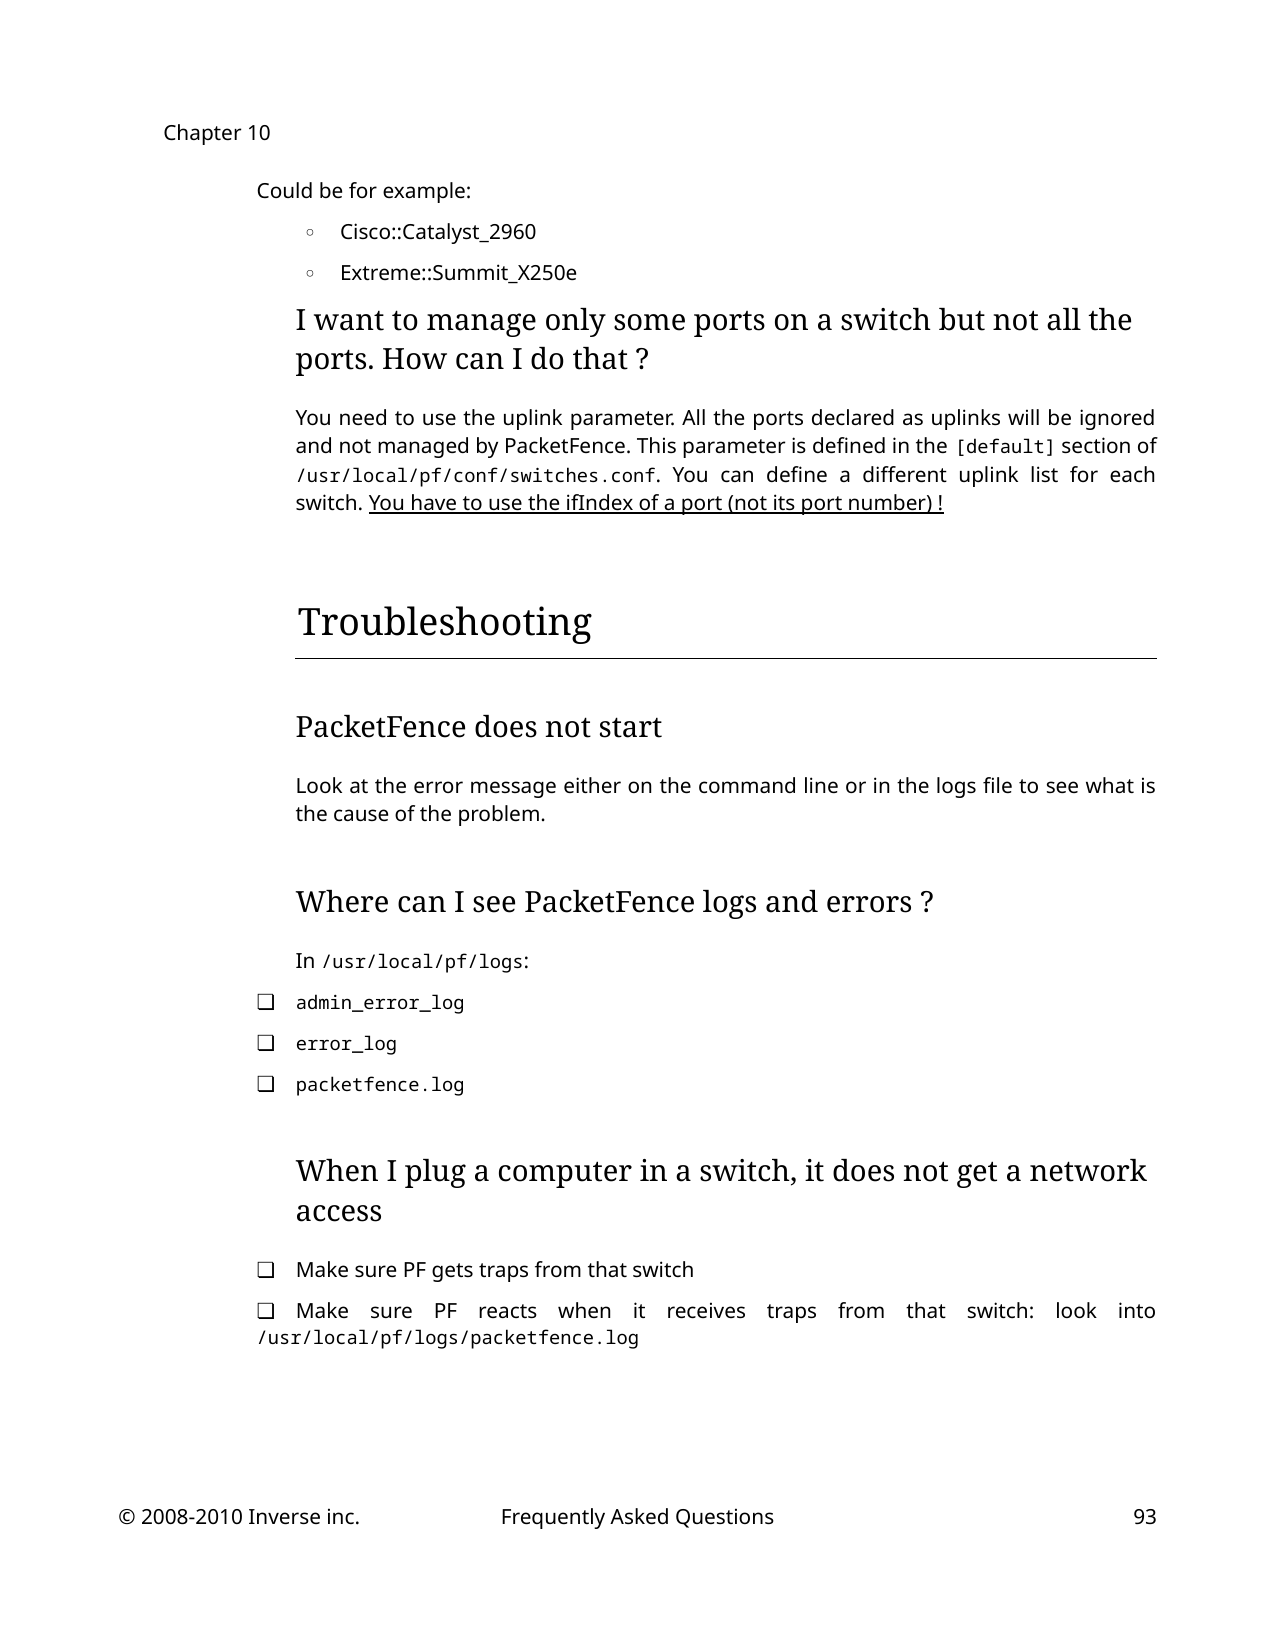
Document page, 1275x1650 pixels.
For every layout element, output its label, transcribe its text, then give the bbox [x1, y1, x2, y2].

subtitle Where can I see PacketFence logs and errors ? [295, 881, 1157, 921]
text You need to use the uplink parameter. All the ports declared as uplinks will be ignored and not managed by PacketFence. This parameter is defined in the [default] section of /usr/local/pf/conf/switches.conf. You can define a different uplink list for each switch. You have to use the ifIndex of a port (not its port number) ! [295, 403, 1157, 517]
subtitle PacketFence does not start [295, 707, 1157, 746]
subtitle I want to manage only some ports on a switch but not all the ports. How can I do that ? [295, 299, 1157, 378]
list Extreme::Summit_X250e [302, 258, 1157, 286]
subtitle Troubleshooting [295, 595, 1157, 658]
text In /usr/local/pf/logs: [295, 946, 1157, 974]
list Could be for example: [256, 176, 1157, 204]
text Look at the error message either on the command line or in the logs file to see what is the cause of the problem. [295, 771, 1157, 828]
list ❏ admin_error_log [256, 987, 1157, 1015]
list ❏ error_log [256, 1028, 1157, 1056]
list ❏ Make sure PF gets traps from that switch [256, 1255, 1157, 1283]
subtitle When I plug a computer in a switch, it does not get a network access [295, 1151, 1157, 1230]
list ❏ Make sure PF reacts when it receives traps from that switch: look into /usr/local/pf/logs/packetfence.log [256, 1296, 1157, 1350]
list Cisco::Catalyst_2960 [302, 217, 1157, 245]
list ❏ packetfence.log [256, 1069, 1157, 1097]
++++++++++++++++++++
→ DIRECTIONS
Copy exactly the lines that begin with the one containing "text Look at" and continue to the end of the records, both included, and nothing more.

→ SOLUTION TO THIS EXERCISE
text Look at the error message either on the command line or in the logs file to see what is the cause of the problem. [295, 771, 1157, 828]
list ❏ admin_error_log [256, 987, 1157, 1015]
list ❏ error_log [256, 1028, 1157, 1056]
list ❏ Make sure PF gets traps from that switch [256, 1255, 1157, 1283]
subtitle When I plug a computer in a switch, it does not get a network access [295, 1151, 1157, 1230]
list ❏ Make sure PF reacts when it receives traps from that switch: look into /usr/local/pf/logs/packetfence.log [256, 1296, 1157, 1350]
list Cisco::Catalyst_2960 [302, 217, 1157, 245]
list ❏ packetfence.log [256, 1069, 1157, 1097]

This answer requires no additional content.